The 2024 CAF Super Cup, known as The Super of the Century, officially TotalEnergies CAF Super Cup Riyadh 2024 for sponsorship reasons, was the 33rd CAF Super Cup, an annual football match in Africa organized by the Confederation of African Football (CAF), between the winners of the previous season's two CAF club competitions, the CAF Champions League and the CAF Confederation Cup.

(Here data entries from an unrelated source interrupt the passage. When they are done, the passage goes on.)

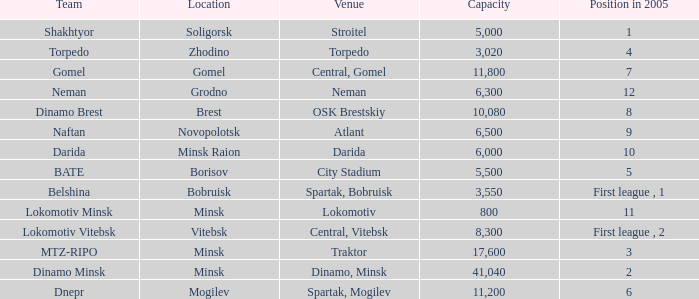Parse the full table. {'header': ['Team', 'Location', 'Venue', 'Capacity', 'Position in 2005'], 'rows': [['Shakhtyor', 'Soligorsk', 'Stroitel', '5,000', '1'], ['Torpedo', 'Zhodino', 'Torpedo', '3,020', '4'], ['Gomel', 'Gomel', 'Central, Gomel', '11,800', '7'], ['Neman', 'Grodno', 'Neman', '6,300', '12'], ['Dinamo Brest', 'Brest', 'OSK Brestskiy', '10,080', '8'], ['Naftan', 'Novopolotsk', 'Atlant', '6,500', '9'], ['Darida', 'Minsk Raion', 'Darida', '6,000', '10'], ['BATE', 'Borisov', 'City Stadium', '5,500', '5'], ['Belshina', 'Bobruisk', 'Spartak, Bobruisk', '3,550', 'First league , 1'], ['Lokomotiv Minsk', 'Minsk', 'Lokomotiv', '800', '11'], ['Lokomotiv Vitebsk', 'Vitebsk', 'Central, Vitebsk', '8,300', 'First league , 2'], ['MTZ-RIPO', 'Minsk', 'Traktor', '17,600', '3'], ['Dinamo Minsk', 'Minsk', 'Dinamo, Minsk', '41,040', '2'], ['Dnepr', 'Mogilev', 'Spartak, Mogilev', '11,200', '6']]} Can you inform me of the location that held the rank in 2005 of 8? OSK Brestskiy. 
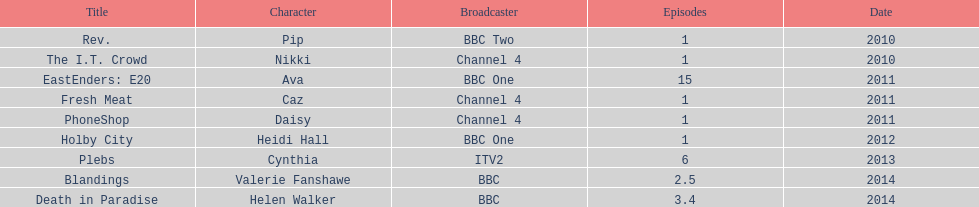Before assuming the role of cynthia in plebs, what character did this actress previously perform? Heidi Hall. 
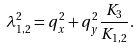Convert formula to latex. <formula><loc_0><loc_0><loc_500><loc_500>\lambda _ { 1 , 2 } ^ { 2 } = q _ { x } ^ { 2 } + q _ { y } ^ { 2 } \frac { K _ { 3 } } { K _ { 1 , 2 } } .</formula> 
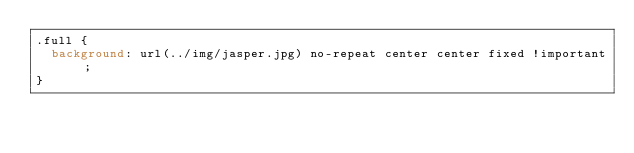<code> <loc_0><loc_0><loc_500><loc_500><_CSS_>.full {
  background: url(../img/jasper.jpg) no-repeat center center fixed !important; 
}</code> 
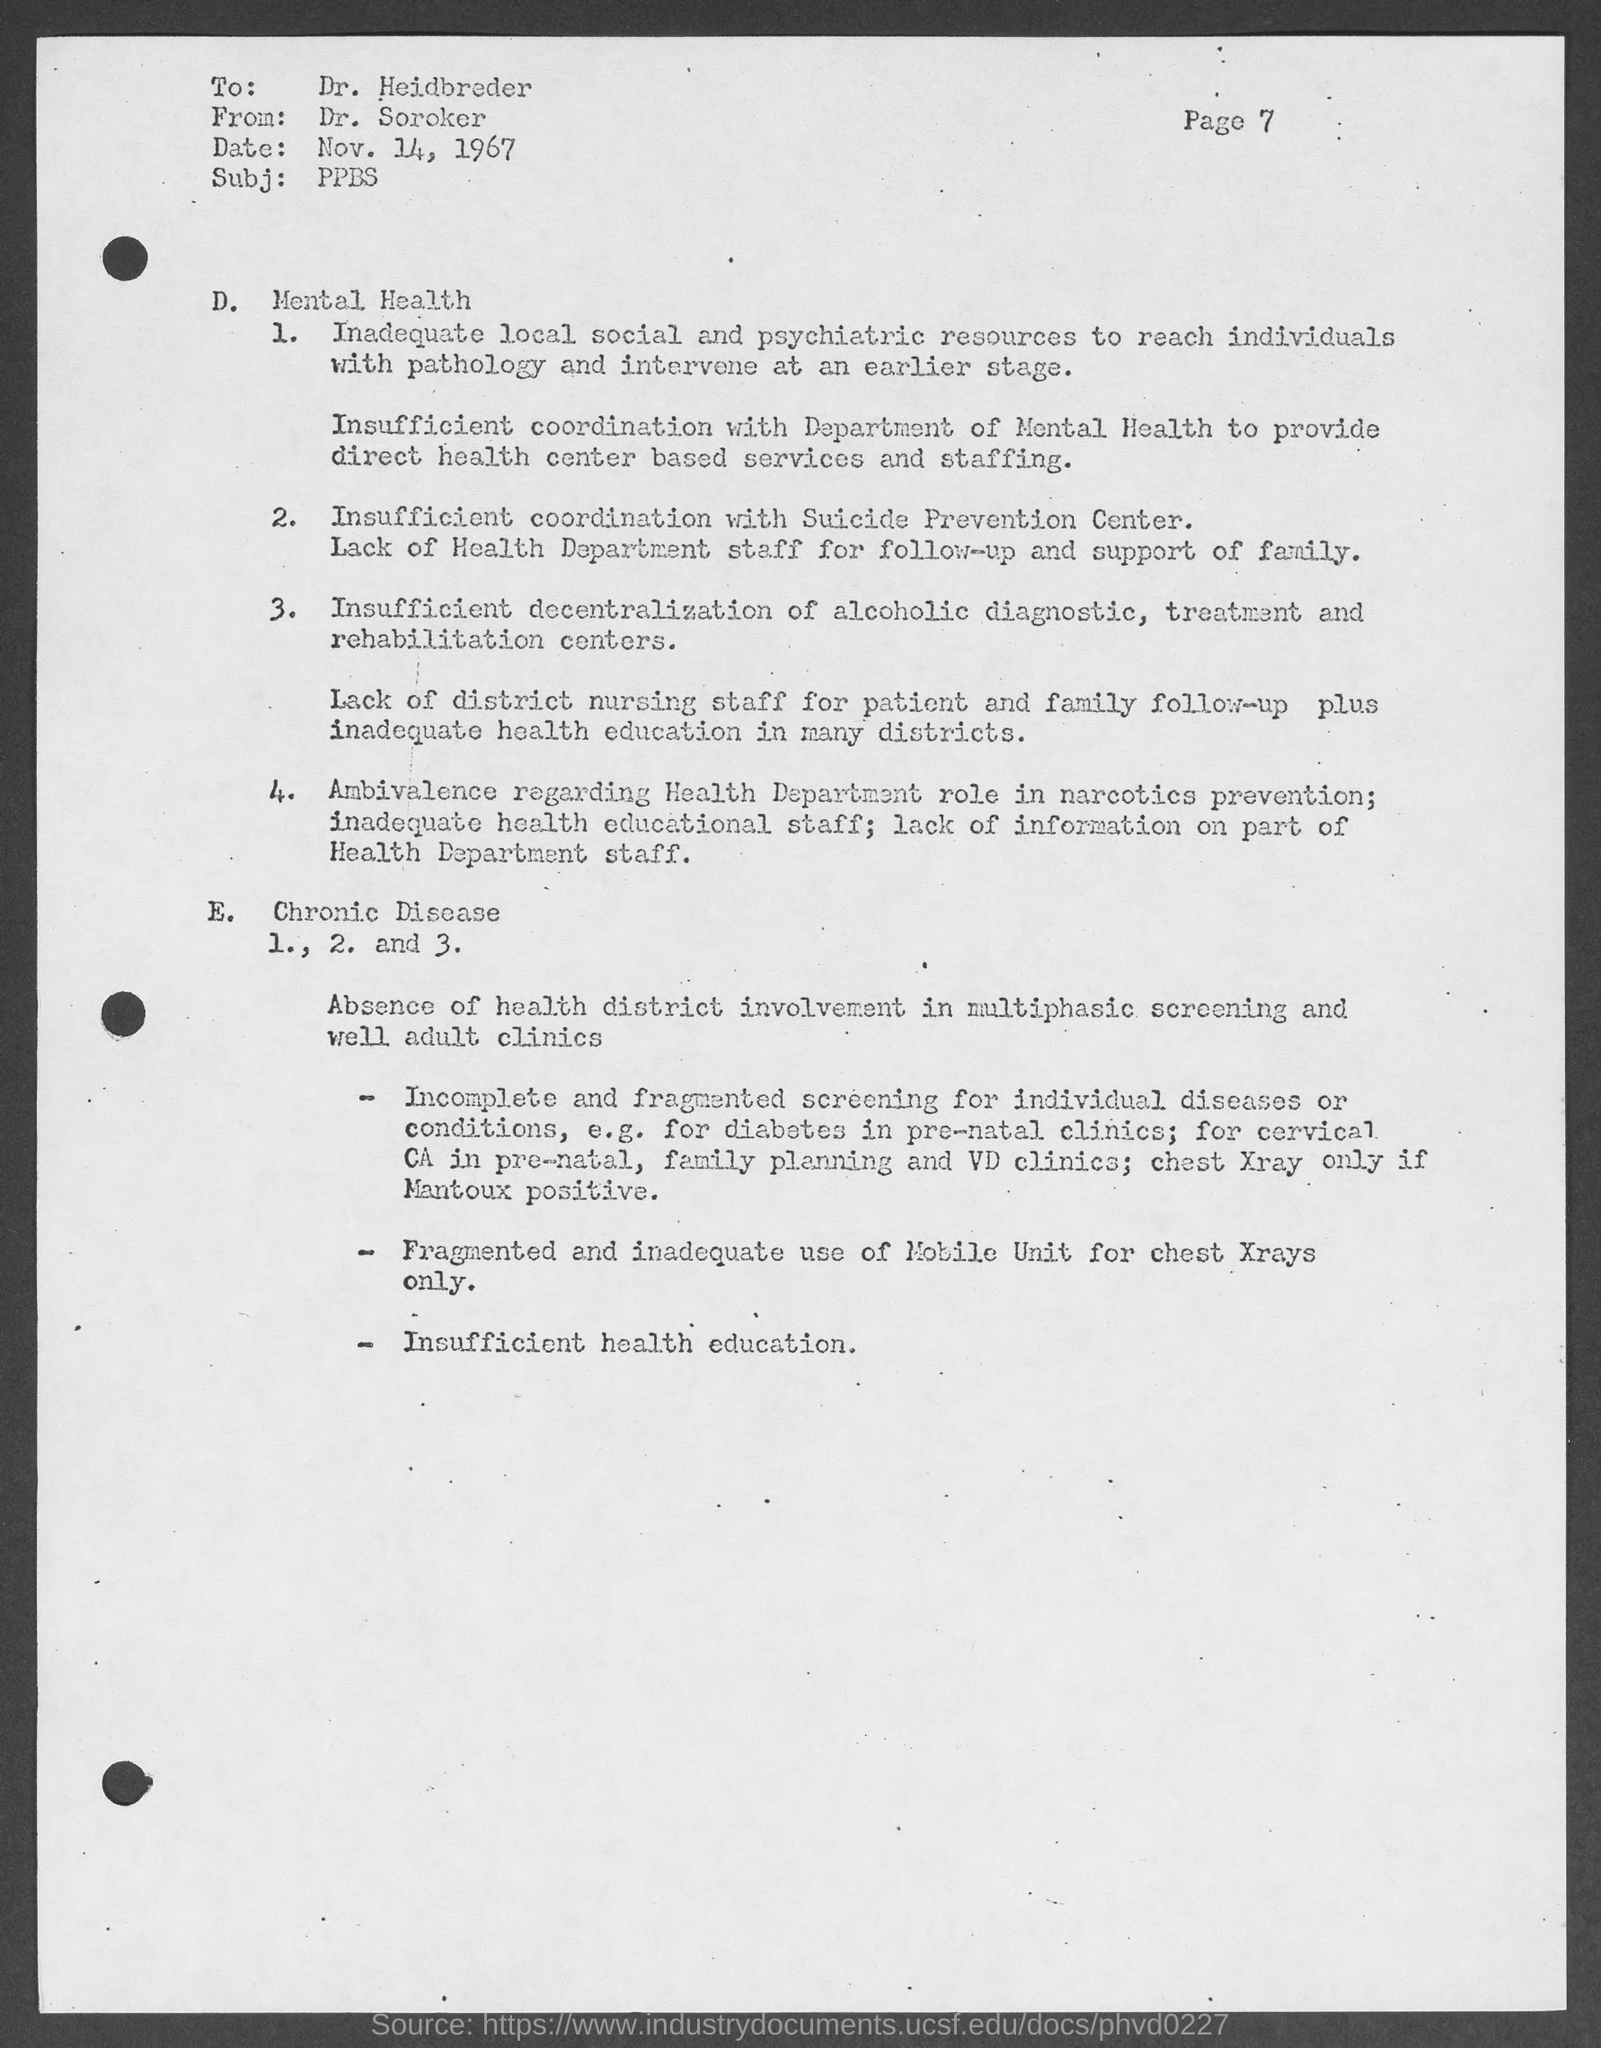List a handful of essential elements in this visual. The sender of this document is Dr. Soroker. The subject of this document is the PPBS. The recipient of this document is Dr. Heidbreder. The date mentioned in this document is November 14, 1967.

The match was played between the 2023–24 CAF Champions League winners, Al Ahly, and the 2023–24 CAF Confederation Cup winners, Zamalek, both from Egypt and both sides of the Cairo derby, on 27 September 2024 at the Kingdom Arena in Riyadh, Saudi Arabia.

Zamalek won the match 4–3 on penalties, after the original time ended 1–1, to secure their fifth CAF Super Cup title. The match was the third continental encounter between two Egyptian clubs, and the second in a Super Cup.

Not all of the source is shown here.